I had a conversation with someone while we were playing board games as a group last weekend, more of a communal conversation really, about tapping the top of your beverage can when you open it, presumably to “dispel the impending explosion.” At that exact moment I realized that such a thing was impossible, that I had been wasting my fingertap effort for years. I mean since my late teens anyway it was really just a formality, I wasn’t even tapping it with the force necessary to do a damned bit of good. And in the process, I tried to ask you know, at what point can our finger-tap force really counteract whatever shaking has occurred? What is a normal amount of shake, I ask, by tilting my new, unopened beer slowly to one side and then the other. What is the amount of real-world shake that a can undergoes in the time from procurement to refreshment? Then this guy, who I think I have met but I don’t know really and I just kind of am going with mentally “I think I met you but we didn’t meet enough to have met really,” he takes my beer and shakes it pretty violently maybe three times, and says that is a real world shake. Why would you do that, beer-shake guy whose name I forgot maybe it is like Shawn? Cause I was going to drink the beer. Maybe where you come from it is a real dog-eat-dog world up in that bitch, and you need to get your shots in early, like making sure nobody gives you a wedgie, or you gotta ink some swear words onto the chemistry test of the kid next to you, and you are just conditioned to be the Alpha drink shaker so nobody calls you gay while you are waiting in line at the Powerade machine. Later in the game I had the chance to deny him one thousand dollars, and I did so to penalize him for his errant fuckery. Then I opened the twist-off lid of the water bottle I had used to pre-mix rum and cola at home, and it sprayed on my hands. I won the game. I won all the games.

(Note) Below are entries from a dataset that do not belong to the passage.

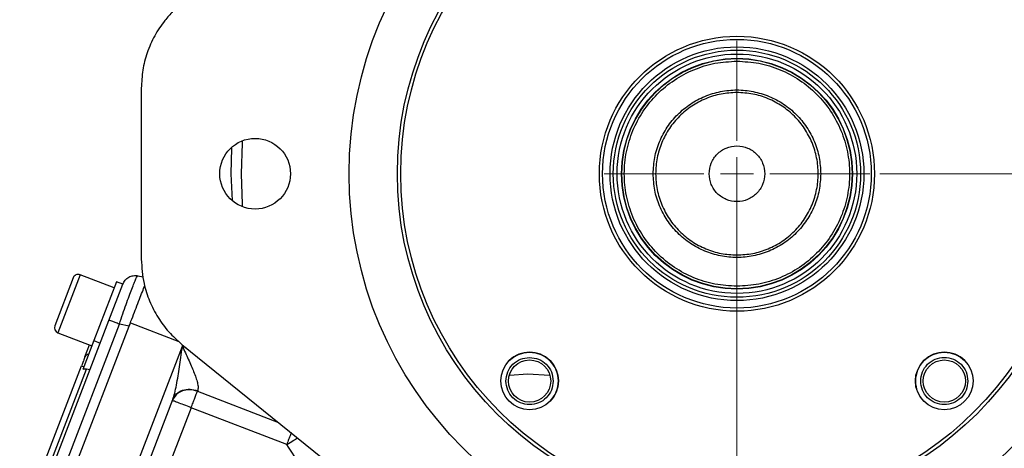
# Model space of a CAD drawing. Header units: inches. Extents: x 0.6 to 16.3, y 0.2 to 11.5.
# Tile 14 of 16: x 9.8 to 13.7, y 6.5 to 8.2. Entities that reach past the tile are written whole.
import ezdxf

# ---------------------------------------------------------------- set-up
doc = ezdxf.new("R2010")
doc.units = ezdxf.units.IN
doc.header["$MEASUREMENT"] = 0
doc.styles.add('SLDTEXTSTYLE0', font='TXT', dxfattribs={"width": 0.75})
doc.dimstyles.new('SLDDIMSTYLE0', dxfattribs={"dimtxt": 0.137795, "dimasz": 0.14, "dimexe": 0, "dimexo": 0.0625, "dimgap": 0.034449, "dimtad": 0, "dimtih": 1, "dimtoh": 1, "dimdec": 1, "dimlfac": 1.5, "dimrnd": 1e-09, "dimzin": 12, "dimdsep": 46, "dimtxsty": 'SLDTEXTSTYLE0', "dimblk1": 'CLOSED', "dimblk2": 'CLOSED', "dimsah": 1, "dimcen": 0.09, "dimadec": 0, "dimazin": 3, "dimtfac": 1, "dimtdec": 1, "dimtofl": 0, "dimtmove": 0, "dimatfit": 3, "dimldrblk": 'CLOSED', "dimfxl": 0, "dimfrac": 2, "dimtolj": 1, "dimtzin": 12, "dimarcsym": 0})
doc.dimstyles.new('SLDDIMSTYLE1', dxfattribs={"dimtxt": 0.137795, "dimasz": 0.14, "dimexe": 0, "dimexo": 0.0625, "dimgap": 0.034449, "dimtad": 0, "dimdec": 1, "dimlfac": 1.5, "dimrnd": 1e-09, "dimzin": 12, "dimdsep": 46, "dimtxsty": 'SLDTEXTSTYLE0', "dimblk1": 'CLOSED', "dimblk2": 'CLOSED', "dimsah": 1, "dimcen": 0.09, "dimadec": 0, "dimazin": 3, "dimtfac": 1, "dimtdec": 1, "dimtofl": 0, "dimtmove": 0, "dimatfit": 3, "dimldrblk": 'CLOSED', "dimfxl": 0, "dimfrac": 2, "dimtolj": 1, "dimtzin": 12, "dimarcsym": 0})
doc.dimstyles.new('SLDDIMSTYLE2', dxfattribs={"dimtxt": 0.137795, "dimasz": 0.14, "dimexe": 0, "dimexo": 0.0625, "dimgap": 0.034449, "dimtad": 0, "dimdec": 1, "dimlfac": 1.5, "dimrnd": 1e-09, "dimzin": 12, "dimdsep": 46, "dimtxsty": 'SLDTEXTSTYLE0', "dimblk1": 'CLOSED', "dimblk2": 'CLOSED', "dimsah": 1, "dimcen": 0.09, "dimadec": 0, "dimazin": 3, "dimtfac": 1, "dimtdec": 1, "dimtmove": 0, "dimatfit": 0, "dimldrblk": 'CLOSED', "dimfxl": 0, "dimfrac": 2, "dimtolj": 1, "dimtzin": 12, "dimarcsym": 0})
doc.dimstyles.new('SLDDIMSTYLE4', dxfattribs={"dimtxt": 0.137795, "dimasz": 0.14, "dimexe": 0, "dimexo": 0.0625, "dimgap": 0.034449, "dimtad": 0, "dimtih": 1, "dimtoh": 1, "dimdec": 1, "dimlfac": 1.5, "dimrnd": 1e-09, "dimzin": 12, "dimdsep": 46, "dimtxsty": 'SLDTEXTSTYLE0', "dimblk1": 'CLOSED', "dimblk2": 'CLOSED', "dimsah": 1, "dimcen": 0.09, "dimadec": 0, "dimazin": 3, "dimtfac": 1, "dimtofl": 0, "dimtmove": 0, "dimatfit": 3, "dimldrblk": 'CLOSED', "dimfxl": 0, "dimfrac": 2, "dimtolj": 1, "dimtzin": 12, "dimarcsym": 0})

# ---------------------------------------------------------------- blocks, each defined once
blk = doc.blocks.new('_Closed')
at = {"color": 0, "linetype": 'ByBlock', "lineweight": -2}
for p, q in [((-1, 0.166667), (0, 0)), ((-1, 0.166667), (-1, -0.166667)), ((0, 0), (-1, -0.166667)), ((0, 0), (-1, 0))]:
    blk.add_line(p, q, dxfattribs=at)
blk = doc.blocks.new('_D')
at = {"color": 7, "linetype": 'Continuous', "lineweight": 0}
for p, q in [((13.5667, 9.6132), (15.6981, 9.6132)), ((15.6587, 9.6132), (15.6587, 9.0321)), ((15.506, 9.0041), (15.464, 9.0041)), ((15.464, 9.0041), (15.464, 8.7853)), ((15.8115, 9.0041), (15.8534, 9.0041)), ((15.8534, 9.0041), (15.8534, 8.7853)), ((15.464, 8.7853), (15.506, 8.7853)), ((15.8534, 8.7853), (15.8115, 8.7853)), ((15.6587, 4.7435), (15.6587, 8.5792)), ((13.8803, 4.7435), (15.6981, 4.7435))]:
    blk.add_line(p, q, dxfattribs=at)
at = {"color": 7, "linetype": 'Continuous', "lineweight": 18, "xscale": 0.14, "yscale": 0.14}
for p, rotation in [((15.6587, 9.6132), 90.00000000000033), ((15.6587, 4.7435), 270.0000000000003)]:
    blk.add_blockref('_Closed', p, dxfattribs=dict(at, rotation=rotation))
at = {"color": 7, "linetype": 'Continuous', "lineweight": 18, "char_height": 0.1378, "attachment_point": 1, "style": 'SLDTEXTSTYLE0'}
for s, insert in [('186', (15.506, 8.9629)), ('7.3', (15.5315, 8.7568))]:
    blk.add_mtext(s, dxfattribs=dict(at, insert=insert))
blk = doc.blocks.new('_D_1')
at = {"color": 7, "linetype": 'Continuous', "lineweight": 0}
for p, q in [((14.6881, 7.1282), (14.6881, 3.2474)), ((11.8015, 5.0505), (11.8015, 3.2474)), ((12.5796, 3.4853), (12.5376, 3.4853)), ((12.5376, 3.4853), (12.5376, 3.2665)), ((12.885, 3.4853), (12.927, 3.4853)), ((12.927, 3.4853), (12.927, 3.2665)), ((11.8015, 3.2868), (12.4168, 3.2868)), ((12.5376, 3.2665), (12.5796, 3.2665)), ((12.927, 3.2665), (12.885, 3.2665)), ((14.6881, 3.2868), (13.0478, 3.2868))]:
    blk.add_line(p, q, dxfattribs=at)
at = {"color": 7, "linetype": 'Continuous', "lineweight": 18, "xscale": 0.14, "yscale": 0.14}
for p, rotation in [((11.8015, 3.2868), 179.9999999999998), ((14.6881, 3.2868), 359.9999999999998)]:
    blk.add_blockref('_Closed', p, dxfattribs=dict(at, rotation=rotation))
at = {"color": 7, "linetype": 'Continuous', "lineweight": 18, "char_height": 0.1378, "attachment_point": 1, "style": 'SLDTEXTSTYLE0'}
for s, insert in [('110', (12.5796, 3.4441)), ('4.3', (12.6051, 3.238))]:
    blk.add_mtext(s, dxfattribs=dict(at, insert=insert))
blk = doc.blocks.new('_D_2')
at = {"color": 7, "linetype": 'Continuous', "lineweight": 0}
for p, q in [((12.6348, 7.5205), (12.6348, 4.263)), ((11.8015, 5.0505), (11.8015, 4.263)), ((12.1209, 4.5009), (12.0789, 4.5009)), ((12.0789, 4.5009), (12.0789, 4.2821)), ((12.3245, 4.5009), (12.3665, 4.5009)), ((12.3665, 4.5009), (12.3665, 4.2821)), ((11.8015, 4.3024), (11.5515, 4.3024)), ((12.0789, 4.2821), (12.1209, 4.2821)), ((12.3665, 4.2821), (12.3245, 4.2821)), ((12.6348, 4.3024), (12.8848, 4.3024))]:
    blk.add_line(p, q, dxfattribs=at)
at = {"color": 7, "linetype": 'Continuous', "lineweight": 18, "xscale": 0.14, "yscale": 0.14}
for p, rotation in [((11.8015, 4.3024), 359.999999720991), ((12.6348, 4.3024), 179.999999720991)]:
    blk.add_blockref('_Closed', p, dxfattribs=dict(at, rotation=rotation))
at = {"color": 7, "linetype": 'Continuous', "lineweight": 18, "char_height": 0.1378, "attachment_point": 1, "rotation": 360, "style": 'SLDTEXTSTYLE0'}
for s, insert in [('32', (12.1209, 4.4598)), ('1.2', (12.0954, 4.2536))]:
    blk.add_mtext(s, dxfattribs=dict(at, insert=insert))
blk = doc.blocks.new('_D_6')
at = {"color": 7, "linetype": 'Continuous', "lineweight": 0}
for p, q in [((13.203, 7.5599), (15.2933, 7.5599)), ((15.2539, 7.5599), (15.2539, 6.2624)), ((15.1012, 6.2344), (15.0592, 6.2344)), ((15.0592, 6.2344), (15.0592, 6.0157)), ((15.4067, 6.2344), (15.4487, 6.2344)), ((15.4487, 6.2344), (15.4487, 6.0157)), ((15.0592, 6.0157), (15.1012, 6.0157)), ((15.4487, 6.0157), (15.4067, 6.0157)), ((15.2539, 4.7435), (15.2539, 5.8095)), ((13.8803, 4.7435), (15.2933, 4.7435))]:
    blk.add_line(p, q, dxfattribs=at)
at = {"color": 7, "linetype": 'Continuous', "lineweight": 18, "xscale": 0.14, "yscale": 0.14}
for p, rotation in [((15.2539, 7.5599, 7.6133), 90.00000000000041), ((15.2539, 4.7435, 7.6133), 270.0000000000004)]:
    blk.add_blockref('_Closed', p, dxfattribs=dict(at, rotation=rotation))
at = {"color": 7, "linetype": 'Continuous', "lineweight": 18, "char_height": 0.1378, "attachment_point": 1, "style": 'SLDTEXTSTYLE0'}
for s, insert in [('107', (15.1012, 6.1933)), ('4.2', (15.1267, 5.9871))]:
    blk.add_mtext(s, dxfattribs=dict(at, insert=insert))
blk = doc.blocks.new('SW_CENTERMARKSYMBOL_0')
at = {"color": 0, "linetype": 'Continuous', "lineweight": 18}
for p, q in [((0, 0.1312), (0, 0.5288)), ((0, 0), (0, 0.0656)), ((-0.1312, 0), (-0.5288, 0)), ((0, 0), (-0.0656, 0)), ((0, 0), (0, -0.0656)), ((0, 0), (0.0656, 0)), ((0.1312, 0), (0.5288, 0)), ((0, -0.1312), (0, -0.5288))]:
    blk.add_line(p, q, dxfattribs=at)

msp = doc.modelspace()

# ---------------------------------------------------------------- linework, layer by layer
at = {"color": 7, "linetype": 'Continuous', "lineweight": 25}
for p, q in [((10.2653, 7.9002), (10.2653, 7.2196)), ((9.9941, 7.1452), (9.921, 6.9548)), ((10.1574, 7.1054), (10.0217, 7.1575)), ((10.1669, 7.1303), (10.0769, 6.8956)), ((10.1918, 7.1207), (10.1669, 7.1303)), ((10.2518, 7.1539), (10.2732, 7.1497)), ((10.1363, 6.9762), (10.1918, 7.1207)), ((9.7814, 6.0516), (10.1363, 6.9762)), ((9.8222, 6.0348), (10.1779, 6.9614)), ((9.8564, 6.0143), (10.217, 6.9538)), ((10.217, 6.9538), (10.1779, 6.9614)), ((10.2183, 6.9572), (10.222, 6.9667)), ((9.9333, 6.9272), (10.069, 6.8751)), ((10.0769, 6.8956), (10.0328, 6.7807)), ((10.0769, 6.8956), (10.1018, 6.8861)), ((10.0412, 6.8307), (10.0596, 6.8787)), ((10.0739, 5.9485), (10.4288, 6.873)), ((10.427, 6.8809), (11.43, 6.0699)), ((9.8216, 6.2587), (10.0277, 6.7954)), ((9.8451, 6.2552), (10.0474, 6.7823)), ((10.0277, 6.7954), (10.037, 6.7918)), ((10.061, 6.7799), (10.0474, 6.7823)), ((11.7307, 6.7588), (11.8015, 6.7635)), ((11.8015, 6.7635), (11.8898, 6.7577)), ((10.1871, 6.1318), (10.3903, 6.6611)), ((10.4896, 6.6965), (10.4886, 6.694)), ((10.4636, 6.6288), (10.2632, 6.1067)), ((10.8439, 6.4828), (10.4636, 6.6288))]:
    msp.add_line(p, q, dxfattribs=at)
at = {"color": 8, "linetype": 'Continuous', "lineweight": 25}
for p, q in [((10.6229, 7.5599), (10.6254, 7.6623)), ((10.6275, 7.4534), (10.6229, 7.5599)), ((10.0217, 7.1575), (9.9333, 6.9272)), ((10.222, 6.9667), (10.4147, 6.8927)), ((10.4288, 6.873), (10.4441, 6.8671)), ((10.4886, 6.694), (10.8113, 6.5702))]:
    msp.add_line(p, q, dxfattribs=at)
at = {"color": 8, "linetype": 'Continuous', "lineweight": 25, "flags": 128}
for points in [[(10.6639, 7.5599), (10.6677, 7.6812), (10.6683, 7.6914)], [(10.6683, 7.4284), (10.6677, 7.4386), (10.6639, 7.5599)]]:
    msp.add_lwpolyline(points, dxfattribs=at)
at = {"color": 7, "linetype": 'Continuous', "lineweight": 25}
for centre, radius in [((12.6348, 7.5599), 1.5428), ((12.6348, 7.5599), 1.3507), ((12.6348, 7.5599), 1.3373), ((12.6348, 7.5599), 0.5472), ((12.6348, 7.5599), 0.5345), ((12.6348, 7.5599), 0.5049), ((12.6348, 7.5599), 0.4918), ((12.6348, 7.5599), 0.4765), ((12.6348, 7.5599), 0.4593), ((12.6348, 7.5599), 0.4593), ((12.6348, 7.5599), 0.458), ((10.7181, 7.5599), 0.1406), ((11.8101, 6.7352), 0.1147), ((11.8098, 6.7349), 0.084), ((13.4595, 6.7352), 0.1147), ((13.4598, 6.7349), 0.084)]:
    msp.add_circle(centre, radius, dxfattribs=at)
for centre, radius, start, end in [((10.014, 7.1376), 0.0213, 69, 159), ((9.9409, 6.9471), 0.0213, 159, 249), ((10.0578, 6.8231), 0.0183, 95.7916, 155.4083), ((11.8098, 6.7349), 0.1147, 315.1031, 134.8969), ((13.4598, 6.7349), 0.1147, 45.1029, 224.8971)]:
    msp.add_arc(centre, radius, start, end, dxfattribs=at)
msp.add_ellipse((10.0412, 6.7524), major_axis=(0.011, 0.0285), ratio=0.916331, start_param=0.174533, end_param=0.698222, dxfattribs=at)
for points, knots in [([(10.427, 8.2388), (10.4147, 8.2282), (10.3901, 8.2069), (10.3527, 8.1641), (10.3164, 8.1094), (10.2873, 8.0427), (10.2688, 7.9721), (10.2665, 7.9244), (10.2653, 7.9002)], [0, 0, 0, 0, 0.125316, 0.252224, 0.438797, 0.63078, 0.812882, 1, 1, 1, 1]), ([(10.2653, 7.2196), (10.2674, 7.187), (10.271, 7.1302), (10.2967, 7.0522), (10.3299, 6.9877), (10.3732, 6.9289), (10.4089, 6.8971), (10.427, 6.8809)], [0, 0, 0, 0, 0.251927, 0.438574, 0.630634, 0.812808, 1, 1, 1, 1]), ([(10.1779, 6.9614), (10.1825, 6.975), (10.1915, 7.0017), (10.2048, 7.0394), (10.2169, 7.0731), (10.2278, 7.1019), (10.2371, 7.1252), (10.2442, 7.1417), (10.2494, 7.1522), (10.251, 7.1533), (10.2518, 7.1539)], [0, 0, 0, 0, 0.13356, 0.261125, 0.387745, 0.511891, 0.635099, 0.759877, 0.877169, 1, 1, 1, 1]), ([(10.1918, 7.1206), (10.1946, 7.1262), (10.2002, 7.1374), (10.2153, 7.149), (10.2331, 7.1556), (10.2455, 7.1544), (10.2518, 7.1539)], [0, 0, 0, 0, 0.250811, 0.500541, 0.75027, 1, 1, 1, 1]), ([(10.217, 6.9538), (10.2218, 6.9663), (10.2311, 6.9906), (10.245, 7.0268), (10.2581, 7.0608), (10.2696, 7.0909), (10.2763, 7.1082), (10.2788, 7.1147), (10.2788, 7.1147)], [0, 0, 0, 0, 0.196522, 0.384209, 0.59163, 0.795788, 0.99994, 1, 1, 1, 1]), ([(10.1779, 6.9614), (10.1723, 6.9636), (10.1611, 6.9679), (10.1477, 6.9729), (10.1386, 6.9768), (10.1371, 6.9764), (10.1363, 6.9762)], [0, 0, 0, 0, 0.24973, 0.499459, 0.749189, 1, 1, 1, 1]), ([(10.3903, 6.6611), (10.393, 6.6694), (10.3989, 6.6876), (10.4054, 6.7196), (10.4116, 6.7546), (10.4172, 6.7913), (10.4229, 6.8307), (10.4267, 6.858), (10.4288, 6.873)], [0, 0, 0, 0, 0.132748, 0.286871, 0.458597, 0.62586, 0.794836, 1, 1, 1, 1]), ([(10.4288, 6.873), (10.4328, 6.8644), (10.4407, 6.8473), (10.4526, 6.8213), (10.4636, 6.7963), (10.4739, 6.7717), (10.4823, 6.7494), (10.4887, 6.7281), (10.4922, 6.7096), (10.4904, 6.7007), (10.4896, 6.6965)], [0, 0, 0, 0, 0.132342, 0.264096, 0.403588, 0.522907, 0.655635, 0.769946, 0.892833, 1, 1, 1, 1]), ([(10.0412, 6.8307), (10.0393, 6.8256), (10.0373, 6.8204), (10.0348, 6.814), (10.0336, 6.811), (10.0313, 6.8047), (10.0289, 6.7987), (10.0277, 6.7954)], [0, 0, 0, 0, 0.498697, 0.503014, 0.535598, 0.74951, 1, 1, 1, 1]), ([(11.2635, 5.9829), (11.21, 6.0324), (11.1032, 6.1313), (10.9623, 6.2992), (10.8833, 6.4216), (10.8439, 6.4828)], [0, 0, 0, 0, 0.333252, 0.666738, 1, 1, 1, 1])]:
    msp.add_open_spline(points, degree=3, knots=knots, dxfattribs=at)
for points in [[(12.6348, 7.1119), (12.6055, 7.1136), (12.5468, 7.1169), (12.4623, 7.1435), (12.3843, 7.1849), (12.316, 7.2411), (12.2599, 7.3094), (12.2182, 7.3873), (12.1926, 7.4719), (12.1839, 7.5599), (12.1926, 7.6478), (12.2182, 7.7324), (12.2599, 7.8104), (12.316, 7.8787), (12.3843, 7.9348), (12.4623, 7.9762), (12.5468, 8.0029), (12.6055, 8.0062), (12.6348, 8.0079)], [(12.6348, 8.0079), (12.6641, 8.0062), (12.7228, 8.0029), (12.8073, 7.9762), (12.8853, 7.9348), (12.9536, 7.8787), (13.0097, 7.8104), (13.0514, 7.7324), (13.077, 7.6478), (13.0857, 7.5599), (13.077, 7.4719), (13.0514, 7.3873), (13.0097, 7.3094), (12.9536, 7.2411), (12.8853, 7.1849), (12.8073, 7.1435), (12.7228, 7.1169), (12.6641, 7.1136), (12.6348, 7.1119)], [(12.3015, 7.5599), (12.3027, 7.5817), (12.3052, 7.6253), (12.325, 7.6883), (12.3558, 7.7463), (12.3976, 7.7971), (12.4484, 7.8388), (12.5064, 7.8698), (12.5694, 7.8889), (12.6348, 7.8954), (12.7003, 7.8889), (12.7632, 7.8698), (12.8212, 7.8388), (12.872, 7.7971), (12.9138, 7.7463), (12.9446, 7.6883), (12.9644, 7.6253), (12.9669, 7.5817), (12.9681, 7.5599)], [(12.6348, 7.8832), (12.6136, 7.882), (12.5713, 7.8796), (12.5103, 7.8604), (12.454, 7.8305), (12.4047, 7.79), (12.3642, 7.7407), (12.3342, 7.6844), (12.3156, 7.6234), (12.3094, 7.5599), (12.3156, 7.4964), (12.3342, 7.4354), (12.3642, 7.3791), (12.4047, 7.3298), (12.454, 7.2893), (12.5103, 7.2594), (12.5713, 7.2402), (12.6136, 7.2378), (12.6348, 7.2366)], [(12.6348, 7.2366), (12.656, 7.2378), (12.6983, 7.2402), (12.7593, 7.2594), (12.8156, 7.2893), (12.8649, 7.3298), (12.9054, 7.3791), (12.9354, 7.4354), (12.954, 7.4964), (12.9602, 7.5599), (12.954, 7.6234), (12.9354, 7.6844), (12.9054, 7.7407), (12.8649, 7.79), (12.8156, 7.8305), (12.7593, 7.8604), (12.6983, 7.8796), (12.656, 7.882), (12.6348, 7.8832)], [(12.5241, 7.5599), (12.5258, 7.5744), (12.5291, 7.6033), (12.5547, 7.6402), (12.5913, 7.6648), (12.6348, 7.6734), (12.6783, 7.6648), (12.7149, 7.6402), (12.7405, 7.6033), (12.7438, 7.5744), (12.7455, 7.5599)], [(12.9681, 7.5599), (12.9669, 7.5381), (12.9644, 7.4944), (12.9446, 7.4315), (12.9138, 7.3735), (12.872, 7.3227), (12.8212, 7.2809), (12.7632, 7.2499), (12.7003, 7.2308), (12.6348, 7.2244), (12.5694, 7.2308), (12.5064, 7.2499), (12.4484, 7.2809), (12.3976, 7.3227), (12.3558, 7.3735), (12.325, 7.4315), (12.3052, 7.4944), (12.3027, 7.5381), (12.3015, 7.5599)], [(12.7455, 7.5599), (12.7438, 7.5454), (12.7405, 7.5164), (12.7149, 7.4796), (12.6783, 7.455), (12.6348, 7.4463), (12.5913, 7.455), (12.5547, 7.4796), (12.5291, 7.5164), (12.5258, 7.5454), (12.5241, 7.5599)], [(11.7158, 6.7349), (11.7173, 6.7472), (11.7201, 6.7719), (11.7418, 6.8029), (11.7729, 6.8247), (11.7975, 6.8275), (11.8098, 6.8289)], [(11.8098, 6.8289), (11.8222, 6.8275), (11.8468, 6.8247), (11.8779, 6.8029), (11.8996, 6.7719), (11.9024, 6.7472), (11.9038, 6.7349)], [(13.3658, 6.7349), (13.3672, 6.7472), (13.37, 6.7718), (13.3917, 6.8031), (13.4228, 6.824), (13.4598, 6.8314), (13.4967, 6.824), (13.5278, 6.8031), (13.5495, 6.7718), (13.5523, 6.7472), (13.5538, 6.7349)], [(10.4886, 6.694), (10.4785, 6.6968), (10.4581, 6.7024), (10.4277, 6.6968), (10.4021, 6.6818), (10.3933, 6.6656), (10.3889, 6.6575)], [(10.3903, 6.6611), (10.3946, 6.669), (10.4033, 6.685), (10.4287, 6.6995), (10.4591, 6.7049), (10.4794, 6.6993), (10.4896, 6.6965)], [(11.8098, 6.6409), (11.7975, 6.6423), (11.7729, 6.6452), (11.7418, 6.6669), (11.7201, 6.698), (11.7173, 6.7226), (11.7158, 6.7349)], [(11.9038, 6.7349), (11.9024, 6.7226), (11.8996, 6.698), (11.8779, 6.6669), (11.8468, 6.6452), (11.8222, 6.6423), (11.8098, 6.6409)], [(13.5538, 6.7349), (13.5523, 6.7226), (13.5495, 6.698), (13.5278, 6.6667), (13.4967, 6.6458), (13.4598, 6.6385), (13.4228, 6.6458), (13.3917, 6.6667), (13.37, 6.698), (13.3672, 6.7226), (13.3658, 6.7349)], [(10.4636, 6.6288), (10.4661, 6.6354), (10.4712, 6.6486), (10.4783, 6.667), (10.4844, 6.6831), (10.4872, 6.6904), (10.4886, 6.694)], [(10.4636, 6.6288), (10.4538, 6.6325), (10.4342, 6.6401), (10.4095, 6.6495), (10.3923, 6.6562), (10.39, 6.657), (10.3889, 6.6575)]]:
    msp.add_open_spline(points, degree=3, dxfattribs=at)
at = {"color": 8, "linetype": 'Continuous', "lineweight": 25}
for points, knots in [([(10.8618, 6.5294), (10.8607, 6.5266), (10.8577, 6.5187), (10.8515, 6.5026), (10.8464, 6.4894), (10.8439, 6.4828)], [0, 0, 0, 0, 0.218894, 0.609447, 1, 1, 1, 1]), ([(10.8439, 6.4828), (10.8528, 6.4882), (10.8688, 6.4978), (10.8815, 6.5054), (10.8872, 6.5088)], [0, 0, 0, 0, 0.554855, 1, 1, 1, 1])]:
    msp.add_open_spline(points, degree=3, knots=knots, dxfattribs=at)

# ---------------------------------------------------------------- block references
at = {"color": 7, "linetype": 'Continuous', "lineweight": 0}
msp.add_blockref('SW_CENTERMARKSYMBOL_0', (12.6348, 7.5599), dxfattribs=at)

# ---------------------------------------------------------------- dimensions: what is measured, and where the dimension line sits
at = {"color": 7, "linetype": 'Continuous', "lineweight": 18}
for base, p1, p2, angle, dimstyle, picture, middle in [((15.6587, 4.7435), (13.5273, 9.6132), (13.8409, 4.7435), 90, 'SLDDIMSTYLE0', '_D', (15.6587, 8.8056)), ((11.8015, 4.3024), (12.6348, 7.5599), (11.8015, 5.0898), 360, 'SLDDIMSTYLE2', '_D_2', (12.2227, 4.3024)), ((15.2539, 4.7435), (13.1636, 7.5599), (13.8409, 4.7435), 90, 'SLDDIMSTYLE4', '_D_6', (15.2539, 6.0359))]:
    dim = msp.add_linear_dim(base=base, p1=p1, p2=p2, angle=angle, dimstyle=dimstyle, dxfattribs=at)
    dim.commit()
    dim.dimension.update_dxf_attribs({"geometry": picture, "text_midpoint": middle, "dimtype": 160})
dim = msp.add_linear_dim(base=(11.8015, 3.2868), p1=(14.6881, 7.1675), p2=(11.8015, 5.0898), dimstyle='SLDDIMSTYLE1', dxfattribs=at)
dim.commit()
dim.dimension.update_dxf_attribs({"geometry": '_D_1', "text_midpoint": (12.7323, 3.2868), "dimtype": 160})

doc.saveas('drawing.dxf')

My friends bought me a gigantic sheet cake for my birthday from Costco. The logistics of purchasing it and bringing it back to my apartment are staggering to think about. They mentioned that they gave it to me because it needed to be refrigerated, though they had the social graces to at least sing Happy Birthday to me first. After it was given to me it became “my problem,” fortunately for them. It said “Princess” on it. It was a princess cake for me, and I ate some of it. Then, it barely fit in my refrigerator so I had to move all the milk to somewhere else. Every time I opened my refrigerator it was all like “Princess.” The cake was bigger than any reasonable measure of cakes. No human could possibly have eaten the entire cake. I threw some of it away, at last, carrying it to the garbage area of my apartment in a coup de grâce, which is French for coup of grâce, tossed into a garbage bag by itself. There was an old man digging through the discarded items, kind of like how I found my most recent television set. I sort of wanted to say, here dude, here’s a fucking bag of cake, it’s all cake in there, straight up. It was, I wouldn’t have been lying or anything. Just a bag of cake, not like I put anything else in there. It was probably still good but let’s be honest, I wasn’t gonna eat any more of it. I like to imagine that after I left, he checked out the bag to see what the foreigner was throwing away. And maybe he tied it onto his wooden dowel and carried it over his shoulder back to the apartment, and told his woman look at his fresh kill, a wild bag of cake, and he stripped it and cleaned it like a squirrel, and all he could decipher were the letters ncess. “This cake once belonged to a person of real esteem, this cake can teach us about how They live.”